Probably the part of both books that appeals to me, though, is that same je ne sais quoi that I like so much about Space: 1999. It’s difficult to articulate, but there’s a distinct attitude toward technology. Technology doesn’t change man, exactly, but it does put him in situations he wouldn’t be in otherwise, and it’s just possible that it puts him in situations he’s not ready to handle – may never even be ready to handle. Both books show (brief) scenes of subsistence farming and cut to scenes of opulent wealth. The world as a whole is richer and more advanced than it’s ever been, but either control over this wealth is more in the hands of oligarchs than ever before, or else it was always thus and technology just makes the divide more visible, obvious. Again, this seems like a British sentiment. Britain conquered the world but lost something essential in the process and somehow failed to take the next step into the society of the future – perhaps because that step is not takeable. These books (and, in its way, Space: 1999) are about that – about an uncanny sense that technology should have changed us more than it did.

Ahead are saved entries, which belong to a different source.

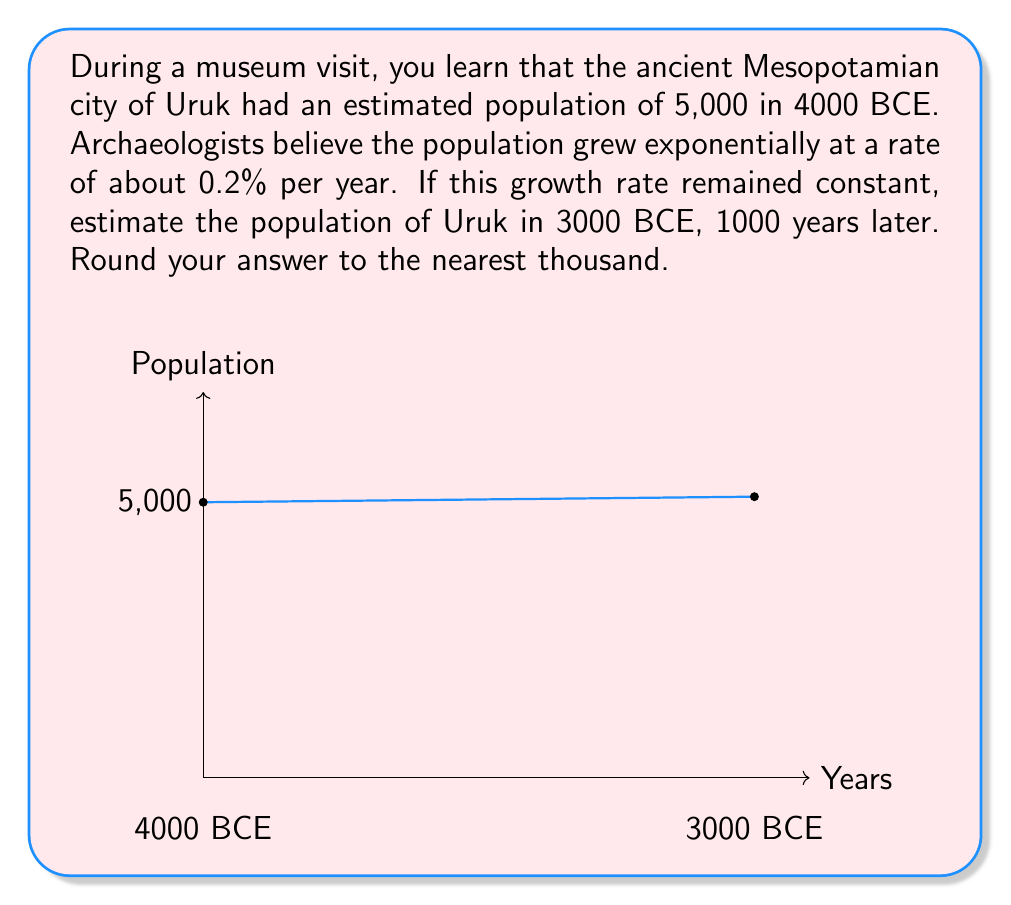What is the answer to this math problem? To solve this problem, we'll use the exponential growth model:

$$P(t) = P_0 \cdot e^{rt}$$

Where:
$P(t)$ is the population at time $t$
$P_0$ is the initial population
$r$ is the growth rate (as a decimal)
$t$ is the time in years

Given:
$P_0 = 5,000$ (initial population in 4000 BCE)
$r = 0.002$ (0.2% per year expressed as a decimal)
$t = 1000$ years

Step 1: Plug the values into the exponential growth formula:
$$P(1000) = 5000 \cdot e^{0.002 \cdot 1000}$$

Step 2: Simplify the exponent:
$$P(1000) = 5000 \cdot e^2$$

Step 3: Calculate $e^2$ (you can use a calculator for this):
$$P(1000) = 5000 \cdot 7.389056$$

Step 4: Multiply:
$$P(1000) = 36,945.28$$

Step 5: Round to the nearest thousand:
$$P(1000) \approx 37,000$$

Therefore, the estimated population of Uruk in 3000 BCE would be approximately 37,000 people.
Answer: 37,000 people

I really enjoyed After Atlas. It’s well-written, disciplined. Its characters are well-sketched. Most critics will try to sell you on the notion that what they liked about the book was its politics. I liked it because it evokes a distinct feeling that I like but am always at pains to describe, and that I see rarely, but that I do see in multiple writers. This isn’t exactly an update of Mindstar Rising, but it is perhaps in conversation with it in ways that have yet to be widely appreciated. We fans of the original do appreciate it, though. Well done.